Tras meses de retrasos y antipáticos cambios de fecha la gran pregunta que nos formulábamos con el lanzamiento de Night in the Woods era si el juego sobreviviría al hype. A ese buzz que lo colocaba como probable candidato a indie del año. Y, en fin, acabamos de empezar 2017, así que presuponer algo así es más bien osado, especialmente teniendo en cuenta el vertiginoso nivel de calidad que estamos viviendo el presente curso, por lo menos en este su primer trimestre. Pero sí es cierto que casi nadie puede haberse dado por decepcionado ahora que el juego de Infinite Fall ya está pisando PC y consola. Night in the Woods nos pone en la piel de Mae, una gatita veinteañera en pleno momento de angst existencial (sí, aquí son todo bonicos animales antropomórficos). Mae acaba de dejar la universidad y vuelve al pueblo de su infancia, a instalarse con sus padres. En su antigua habitación. Con sus antiguos amigos. Pero con nuevas dinámicas: los errores del pasado regresan y, aunque todo sigue igual, todo ha cambiado. De eso habla, de buenas a primeras, esta obra tan profundamente generacional. De regresar, de intentar recuperar el afecto de los seres queridos a pesar de las propias cagadas. De ser, nos guste o no, un poco outsider. Y de tener la culpa de ello.

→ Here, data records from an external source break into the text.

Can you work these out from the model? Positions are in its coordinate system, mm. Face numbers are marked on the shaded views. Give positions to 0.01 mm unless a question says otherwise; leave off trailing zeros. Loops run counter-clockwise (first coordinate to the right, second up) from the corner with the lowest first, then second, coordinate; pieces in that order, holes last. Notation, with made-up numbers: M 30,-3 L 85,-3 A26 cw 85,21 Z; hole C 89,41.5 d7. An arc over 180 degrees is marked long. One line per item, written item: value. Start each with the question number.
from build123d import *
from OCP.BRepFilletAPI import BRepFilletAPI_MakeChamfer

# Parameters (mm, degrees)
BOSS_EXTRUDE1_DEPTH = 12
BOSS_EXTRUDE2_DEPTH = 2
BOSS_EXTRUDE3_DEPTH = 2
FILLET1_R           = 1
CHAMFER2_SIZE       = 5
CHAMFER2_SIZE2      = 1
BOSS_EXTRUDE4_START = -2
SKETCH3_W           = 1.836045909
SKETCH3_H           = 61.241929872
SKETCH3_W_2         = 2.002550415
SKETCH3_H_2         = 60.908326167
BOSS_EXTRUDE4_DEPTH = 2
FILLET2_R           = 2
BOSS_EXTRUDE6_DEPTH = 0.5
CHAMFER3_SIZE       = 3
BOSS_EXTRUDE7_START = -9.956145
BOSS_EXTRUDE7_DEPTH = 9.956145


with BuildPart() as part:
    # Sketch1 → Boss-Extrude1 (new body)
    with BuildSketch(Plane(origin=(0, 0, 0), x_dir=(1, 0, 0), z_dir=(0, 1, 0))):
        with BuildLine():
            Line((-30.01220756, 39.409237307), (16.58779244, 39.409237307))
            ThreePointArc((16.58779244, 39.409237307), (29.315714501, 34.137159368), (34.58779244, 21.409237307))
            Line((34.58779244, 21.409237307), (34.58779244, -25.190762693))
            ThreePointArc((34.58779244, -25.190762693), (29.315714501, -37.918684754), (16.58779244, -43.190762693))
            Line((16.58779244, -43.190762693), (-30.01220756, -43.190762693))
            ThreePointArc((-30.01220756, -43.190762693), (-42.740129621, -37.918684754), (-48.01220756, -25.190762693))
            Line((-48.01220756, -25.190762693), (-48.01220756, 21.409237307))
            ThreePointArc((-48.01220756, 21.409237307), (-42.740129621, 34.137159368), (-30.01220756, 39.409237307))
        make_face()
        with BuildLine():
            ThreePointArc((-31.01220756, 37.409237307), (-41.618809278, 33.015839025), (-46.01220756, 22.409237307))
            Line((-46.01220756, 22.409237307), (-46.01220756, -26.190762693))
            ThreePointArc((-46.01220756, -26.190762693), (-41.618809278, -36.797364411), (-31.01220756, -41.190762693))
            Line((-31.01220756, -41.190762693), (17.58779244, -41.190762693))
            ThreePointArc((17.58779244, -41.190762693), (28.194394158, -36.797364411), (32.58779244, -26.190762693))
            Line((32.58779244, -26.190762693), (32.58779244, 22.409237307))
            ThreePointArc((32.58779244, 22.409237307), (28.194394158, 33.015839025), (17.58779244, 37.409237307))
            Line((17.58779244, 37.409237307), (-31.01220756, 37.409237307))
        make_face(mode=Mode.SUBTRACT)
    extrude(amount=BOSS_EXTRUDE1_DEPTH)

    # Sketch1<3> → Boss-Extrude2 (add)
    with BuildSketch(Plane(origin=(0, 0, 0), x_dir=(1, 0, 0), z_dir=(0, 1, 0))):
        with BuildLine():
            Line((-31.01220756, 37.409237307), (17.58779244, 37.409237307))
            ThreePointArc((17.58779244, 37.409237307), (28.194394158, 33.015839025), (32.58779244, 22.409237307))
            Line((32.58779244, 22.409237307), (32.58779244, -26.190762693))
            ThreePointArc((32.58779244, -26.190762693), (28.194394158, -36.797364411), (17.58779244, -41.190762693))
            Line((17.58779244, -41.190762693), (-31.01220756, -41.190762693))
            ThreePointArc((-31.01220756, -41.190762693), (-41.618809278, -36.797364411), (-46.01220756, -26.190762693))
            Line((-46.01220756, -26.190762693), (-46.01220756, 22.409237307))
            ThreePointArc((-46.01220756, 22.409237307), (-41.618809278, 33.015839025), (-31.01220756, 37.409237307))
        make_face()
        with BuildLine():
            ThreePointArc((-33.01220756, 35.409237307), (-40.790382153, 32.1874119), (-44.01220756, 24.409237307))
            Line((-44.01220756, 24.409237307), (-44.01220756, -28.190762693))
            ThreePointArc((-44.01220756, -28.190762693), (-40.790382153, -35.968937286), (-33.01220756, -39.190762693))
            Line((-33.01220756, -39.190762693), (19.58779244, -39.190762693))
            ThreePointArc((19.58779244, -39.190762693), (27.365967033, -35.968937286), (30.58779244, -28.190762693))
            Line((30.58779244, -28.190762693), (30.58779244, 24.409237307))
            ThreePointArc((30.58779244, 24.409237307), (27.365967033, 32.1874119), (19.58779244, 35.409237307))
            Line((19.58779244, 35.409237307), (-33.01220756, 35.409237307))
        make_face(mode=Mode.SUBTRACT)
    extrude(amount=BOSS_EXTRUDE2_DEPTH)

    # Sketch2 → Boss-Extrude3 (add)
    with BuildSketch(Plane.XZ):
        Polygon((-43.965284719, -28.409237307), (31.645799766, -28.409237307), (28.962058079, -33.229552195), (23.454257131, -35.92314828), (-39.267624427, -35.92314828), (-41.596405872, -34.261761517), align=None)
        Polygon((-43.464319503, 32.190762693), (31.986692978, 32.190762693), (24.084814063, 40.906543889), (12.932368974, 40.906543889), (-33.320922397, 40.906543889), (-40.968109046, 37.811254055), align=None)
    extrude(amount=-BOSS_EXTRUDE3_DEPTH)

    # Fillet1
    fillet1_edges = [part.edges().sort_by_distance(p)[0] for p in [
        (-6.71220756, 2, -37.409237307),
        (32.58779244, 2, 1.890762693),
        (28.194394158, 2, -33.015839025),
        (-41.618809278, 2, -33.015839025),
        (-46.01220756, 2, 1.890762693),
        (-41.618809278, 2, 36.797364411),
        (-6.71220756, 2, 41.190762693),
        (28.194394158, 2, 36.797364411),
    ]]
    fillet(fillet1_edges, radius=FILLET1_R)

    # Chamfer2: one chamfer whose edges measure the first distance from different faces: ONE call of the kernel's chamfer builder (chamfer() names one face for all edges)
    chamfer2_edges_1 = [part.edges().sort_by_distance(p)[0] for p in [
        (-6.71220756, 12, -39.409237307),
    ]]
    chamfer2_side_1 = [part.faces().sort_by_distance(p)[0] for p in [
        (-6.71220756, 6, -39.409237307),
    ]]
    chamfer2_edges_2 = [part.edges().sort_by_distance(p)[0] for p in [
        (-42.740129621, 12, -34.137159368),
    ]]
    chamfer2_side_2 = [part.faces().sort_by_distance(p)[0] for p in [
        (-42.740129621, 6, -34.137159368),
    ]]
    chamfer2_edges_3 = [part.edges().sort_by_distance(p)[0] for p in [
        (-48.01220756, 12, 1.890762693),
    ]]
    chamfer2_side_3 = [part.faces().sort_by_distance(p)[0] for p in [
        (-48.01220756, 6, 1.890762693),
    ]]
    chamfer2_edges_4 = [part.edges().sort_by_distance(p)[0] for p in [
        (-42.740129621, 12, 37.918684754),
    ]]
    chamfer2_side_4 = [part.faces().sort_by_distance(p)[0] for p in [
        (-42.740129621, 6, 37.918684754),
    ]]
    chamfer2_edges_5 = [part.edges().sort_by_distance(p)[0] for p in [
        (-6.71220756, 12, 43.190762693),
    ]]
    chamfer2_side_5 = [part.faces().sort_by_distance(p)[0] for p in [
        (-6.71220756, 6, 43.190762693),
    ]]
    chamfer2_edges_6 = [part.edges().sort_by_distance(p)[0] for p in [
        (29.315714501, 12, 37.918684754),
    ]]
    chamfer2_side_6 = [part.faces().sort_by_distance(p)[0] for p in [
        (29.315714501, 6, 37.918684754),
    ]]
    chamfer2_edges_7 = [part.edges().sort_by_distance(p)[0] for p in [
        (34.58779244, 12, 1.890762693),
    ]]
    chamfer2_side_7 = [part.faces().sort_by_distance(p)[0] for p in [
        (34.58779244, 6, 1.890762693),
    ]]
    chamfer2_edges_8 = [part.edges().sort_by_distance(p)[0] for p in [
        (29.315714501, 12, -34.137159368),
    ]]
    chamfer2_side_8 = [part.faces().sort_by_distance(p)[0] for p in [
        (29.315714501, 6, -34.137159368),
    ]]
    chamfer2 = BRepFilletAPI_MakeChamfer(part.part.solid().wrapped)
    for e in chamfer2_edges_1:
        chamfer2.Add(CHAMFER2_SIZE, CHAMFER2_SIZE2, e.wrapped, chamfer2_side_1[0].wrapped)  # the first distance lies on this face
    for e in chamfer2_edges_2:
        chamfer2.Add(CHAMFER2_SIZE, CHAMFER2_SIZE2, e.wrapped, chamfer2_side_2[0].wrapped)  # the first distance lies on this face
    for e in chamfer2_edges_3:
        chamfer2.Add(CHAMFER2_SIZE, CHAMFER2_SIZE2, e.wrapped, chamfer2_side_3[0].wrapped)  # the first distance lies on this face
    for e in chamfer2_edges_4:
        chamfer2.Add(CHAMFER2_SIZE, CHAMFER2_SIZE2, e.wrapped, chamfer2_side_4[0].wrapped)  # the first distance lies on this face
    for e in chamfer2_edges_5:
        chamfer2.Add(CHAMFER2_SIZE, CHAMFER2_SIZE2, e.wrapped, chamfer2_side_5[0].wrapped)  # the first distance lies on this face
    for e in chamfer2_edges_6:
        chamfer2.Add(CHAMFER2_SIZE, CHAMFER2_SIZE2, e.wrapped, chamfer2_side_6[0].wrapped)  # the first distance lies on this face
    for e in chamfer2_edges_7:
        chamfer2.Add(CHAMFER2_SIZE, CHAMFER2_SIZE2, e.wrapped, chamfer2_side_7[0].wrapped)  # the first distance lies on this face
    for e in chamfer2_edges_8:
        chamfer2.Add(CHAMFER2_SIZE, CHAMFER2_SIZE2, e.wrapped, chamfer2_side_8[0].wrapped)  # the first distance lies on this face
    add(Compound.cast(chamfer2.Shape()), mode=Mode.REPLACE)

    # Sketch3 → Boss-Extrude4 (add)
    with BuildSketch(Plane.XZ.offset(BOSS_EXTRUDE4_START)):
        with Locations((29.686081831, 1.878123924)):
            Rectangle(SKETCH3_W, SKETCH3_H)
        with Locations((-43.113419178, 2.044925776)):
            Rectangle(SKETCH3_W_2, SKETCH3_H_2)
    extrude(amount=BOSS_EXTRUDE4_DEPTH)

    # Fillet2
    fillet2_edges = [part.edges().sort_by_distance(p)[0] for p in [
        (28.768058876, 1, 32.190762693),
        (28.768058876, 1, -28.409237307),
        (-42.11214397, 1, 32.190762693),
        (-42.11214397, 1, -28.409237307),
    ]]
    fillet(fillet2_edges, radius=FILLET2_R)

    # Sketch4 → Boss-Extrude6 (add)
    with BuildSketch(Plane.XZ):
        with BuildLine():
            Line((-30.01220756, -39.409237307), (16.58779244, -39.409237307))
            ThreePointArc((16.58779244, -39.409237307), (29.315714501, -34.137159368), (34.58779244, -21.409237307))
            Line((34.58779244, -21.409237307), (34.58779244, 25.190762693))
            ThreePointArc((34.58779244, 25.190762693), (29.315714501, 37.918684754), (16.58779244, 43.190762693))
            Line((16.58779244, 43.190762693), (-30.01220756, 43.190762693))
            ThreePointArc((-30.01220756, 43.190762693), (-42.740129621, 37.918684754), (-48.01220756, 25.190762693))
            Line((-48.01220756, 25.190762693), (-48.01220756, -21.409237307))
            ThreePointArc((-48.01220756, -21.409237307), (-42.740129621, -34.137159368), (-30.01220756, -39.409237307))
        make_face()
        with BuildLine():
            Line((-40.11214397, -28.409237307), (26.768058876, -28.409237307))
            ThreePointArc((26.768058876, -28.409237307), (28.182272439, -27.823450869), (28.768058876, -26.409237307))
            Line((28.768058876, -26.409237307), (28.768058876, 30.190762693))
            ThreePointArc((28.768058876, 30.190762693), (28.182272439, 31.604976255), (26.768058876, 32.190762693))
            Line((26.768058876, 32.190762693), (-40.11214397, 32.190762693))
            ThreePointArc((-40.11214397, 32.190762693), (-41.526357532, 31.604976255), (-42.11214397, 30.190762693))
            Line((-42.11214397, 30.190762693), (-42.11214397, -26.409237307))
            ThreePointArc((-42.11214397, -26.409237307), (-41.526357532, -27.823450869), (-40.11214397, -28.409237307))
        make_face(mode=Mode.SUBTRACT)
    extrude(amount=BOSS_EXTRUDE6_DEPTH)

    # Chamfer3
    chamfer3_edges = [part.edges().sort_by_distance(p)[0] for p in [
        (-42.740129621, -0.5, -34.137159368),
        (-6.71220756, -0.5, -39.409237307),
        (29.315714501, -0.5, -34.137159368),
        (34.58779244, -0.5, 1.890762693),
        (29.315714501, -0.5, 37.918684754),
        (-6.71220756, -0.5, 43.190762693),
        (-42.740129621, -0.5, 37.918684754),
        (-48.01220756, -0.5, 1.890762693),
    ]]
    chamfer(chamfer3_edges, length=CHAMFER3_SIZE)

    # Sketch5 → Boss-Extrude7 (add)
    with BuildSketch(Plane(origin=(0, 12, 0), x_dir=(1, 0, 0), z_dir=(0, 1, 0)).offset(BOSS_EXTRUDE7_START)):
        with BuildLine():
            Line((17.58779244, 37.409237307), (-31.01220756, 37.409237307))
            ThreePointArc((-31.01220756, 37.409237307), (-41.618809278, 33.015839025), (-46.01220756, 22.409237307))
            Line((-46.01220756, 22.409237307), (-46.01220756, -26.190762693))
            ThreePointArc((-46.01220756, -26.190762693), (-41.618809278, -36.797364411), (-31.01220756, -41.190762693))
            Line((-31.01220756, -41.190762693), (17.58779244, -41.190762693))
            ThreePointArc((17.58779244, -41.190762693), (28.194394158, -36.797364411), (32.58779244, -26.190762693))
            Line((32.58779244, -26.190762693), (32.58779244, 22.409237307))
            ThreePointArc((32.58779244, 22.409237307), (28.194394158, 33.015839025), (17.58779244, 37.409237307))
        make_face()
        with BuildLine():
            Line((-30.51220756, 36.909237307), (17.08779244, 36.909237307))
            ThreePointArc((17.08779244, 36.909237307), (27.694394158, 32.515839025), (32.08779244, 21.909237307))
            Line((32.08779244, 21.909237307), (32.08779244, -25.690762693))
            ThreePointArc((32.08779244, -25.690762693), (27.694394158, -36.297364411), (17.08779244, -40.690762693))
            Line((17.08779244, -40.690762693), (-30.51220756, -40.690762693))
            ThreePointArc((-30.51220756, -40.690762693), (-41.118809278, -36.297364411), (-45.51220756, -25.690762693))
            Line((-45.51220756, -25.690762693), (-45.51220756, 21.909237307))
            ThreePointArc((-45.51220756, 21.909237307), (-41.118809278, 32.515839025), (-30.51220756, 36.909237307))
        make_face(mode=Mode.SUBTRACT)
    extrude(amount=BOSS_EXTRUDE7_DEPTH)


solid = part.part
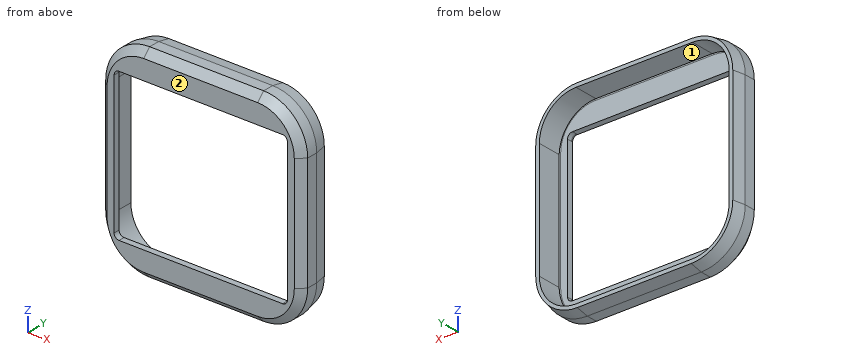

Todos los personajes de Night in the Woods, especialmente Mae, aparecen dibujados con notable profundidad. Todos tienen un backstory, una personalidad propia que se va desplegando poco a poco y unas implicaciones morales que resuenan en los temas centrales de la obra. Son, en definitiva, personajes tridimensionales a los que no se tarda en comprender, con los que se empatiza con facilidad. Por eso cuando la trama empieza a tomar otros derroteros (hacia una historia de misterio con toques sobrenaturales) nunca abandonamos el terreno de lo cotidiano, lo que crea una mezcla perfecta de costumbrismo y onirismo. Todo, respirando a su propio ritmo y con su propia personalidad jugable: no hay mucho que hacer en Night in the Woods más allá de ir paseándose por el pueblo, hablando con los personajes, explorando vidas y circunstancias ajenas. El gameplay aglutina aventura conversacional, algunos puzzles, minijuegos ocasionales y un poco de plataformeo sencillo. Pero obviamente las aspiraciones son distintas. Porque este es un juego profundo, íntimo, muy bien escrito -ojo a unos diálogos cargados de ironía-. Y obviamente increíblemente bien ejecutado, pese a unas limitaciones técnicas (seguimos hablando de un indie) que sabe invisibilizar a golpe de genio artístico. Es una propuesta manufacturada con mimo y detalle, no sólo un juego tremendamente cool y entrañable en su propuesta 2D de colores brillantes y formas cartoon, sino también una experiencia audiovisual formalmente exquisita, donde brillan especialmente las escapadas al bosque y unos pasajes oníricos en los que suceden pequeños y arrebatadores momentos de magia.

Precioso, en fin. Videojuegos así son los que hacen del panorama indie un lugar muy, muy bonito en el que quedarse a vivir.